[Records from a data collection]
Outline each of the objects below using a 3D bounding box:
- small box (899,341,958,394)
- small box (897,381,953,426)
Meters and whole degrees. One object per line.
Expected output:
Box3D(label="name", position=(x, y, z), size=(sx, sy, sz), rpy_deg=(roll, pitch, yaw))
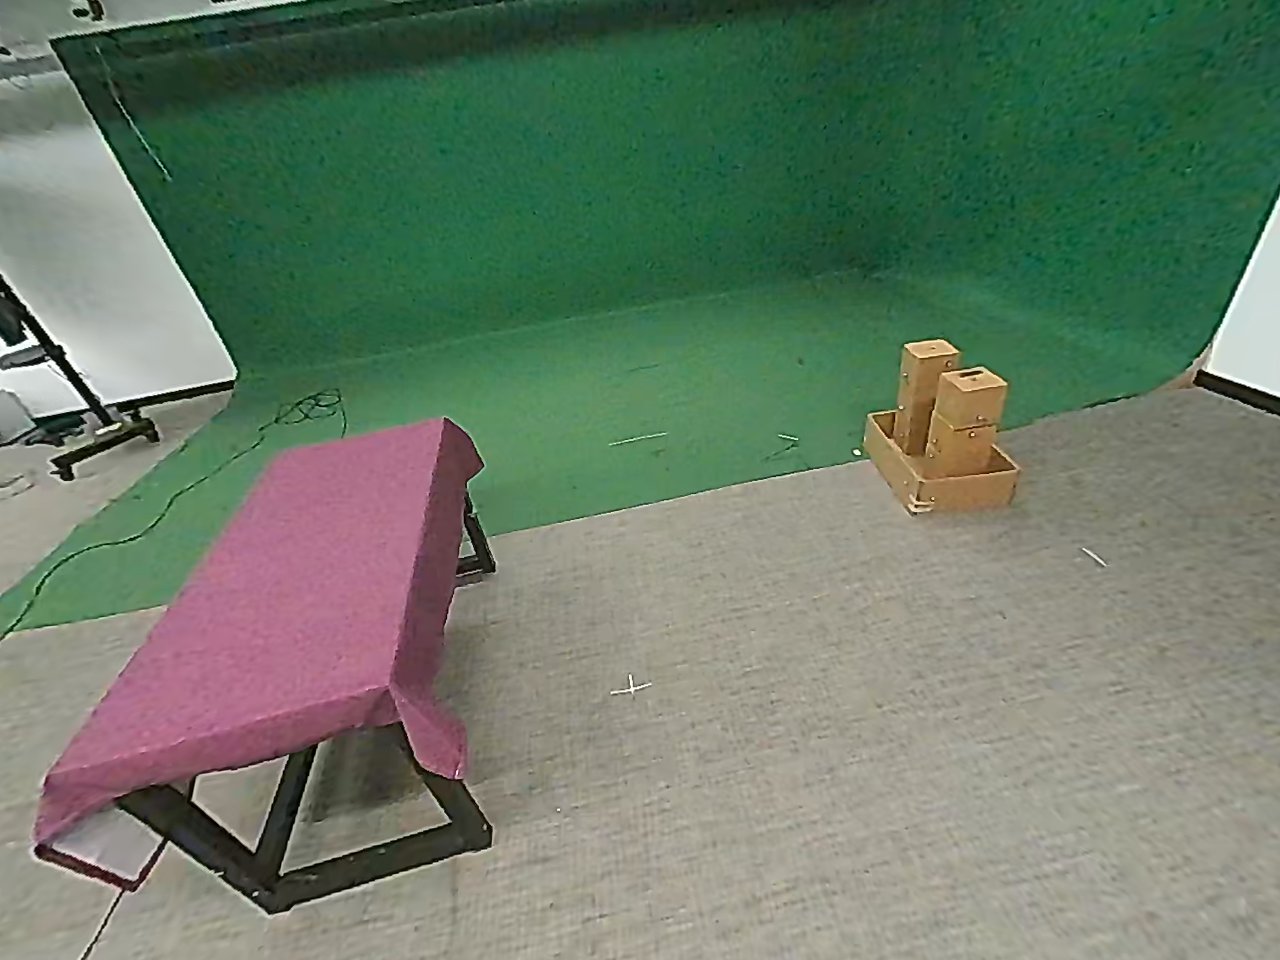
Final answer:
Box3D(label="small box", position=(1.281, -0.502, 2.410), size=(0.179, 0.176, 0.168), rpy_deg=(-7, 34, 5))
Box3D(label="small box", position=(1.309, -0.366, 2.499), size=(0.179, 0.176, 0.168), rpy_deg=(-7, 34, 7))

● **PROMPT**: When copying the entries, drop the images and keep every line exact.

● **ANSWER SPACE**:
Outline each of the objects below using a 3D bounding box:
- small box (899,341,958,394)
- small box (897,381,953,426)
Meters and whole degrees. One object per line.
Expected output:
Box3D(label="name", position=(x, y, z), size=(sx, sy, sz), rpy_deg=(roll, pitch, yaw))
Final answer:
Box3D(label="small box", position=(1.281, -0.502, 2.410), size=(0.179, 0.176, 0.168), rpy_deg=(-7, 34, 5))
Box3D(label="small box", position=(1.309, -0.366, 2.499), size=(0.179, 0.176, 0.168), rpy_deg=(-7, 34, 7))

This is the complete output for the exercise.